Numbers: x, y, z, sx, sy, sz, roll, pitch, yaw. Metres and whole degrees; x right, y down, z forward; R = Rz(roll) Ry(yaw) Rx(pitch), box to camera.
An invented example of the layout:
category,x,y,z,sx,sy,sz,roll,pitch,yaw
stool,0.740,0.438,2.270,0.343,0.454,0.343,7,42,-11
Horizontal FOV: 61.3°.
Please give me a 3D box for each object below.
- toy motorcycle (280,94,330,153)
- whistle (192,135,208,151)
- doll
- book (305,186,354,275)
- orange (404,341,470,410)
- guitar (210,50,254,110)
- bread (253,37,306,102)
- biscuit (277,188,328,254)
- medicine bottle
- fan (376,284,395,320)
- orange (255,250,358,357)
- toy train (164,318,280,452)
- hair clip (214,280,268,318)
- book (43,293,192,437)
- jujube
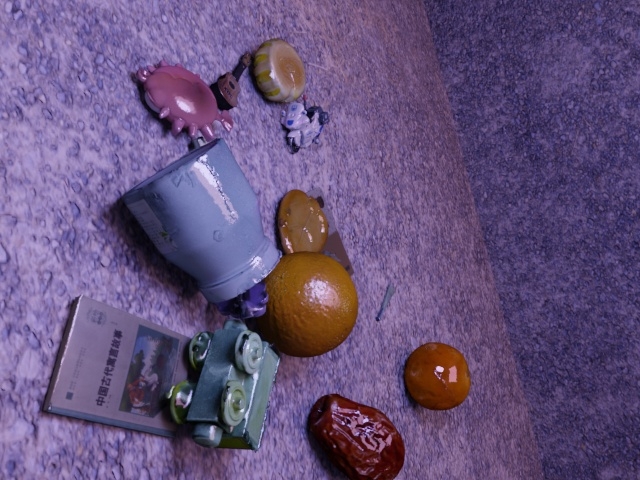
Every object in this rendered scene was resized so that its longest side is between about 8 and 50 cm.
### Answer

Exercise details
Without the pictures, repeat exactly the lines running from the line containing "- fan (376,284,395,320)" through the end of the data, both ends included.

Answer for the task
- fan (376,284,395,320)
- orange (255,250,358,357)
- toy train (164,318,280,452)
- hair clip (214,280,268,318)
- book (43,293,192,437)
- jujube
Every object in this rendered scene was resized so that its longest side is between about 8 and 50 cm.
### Answer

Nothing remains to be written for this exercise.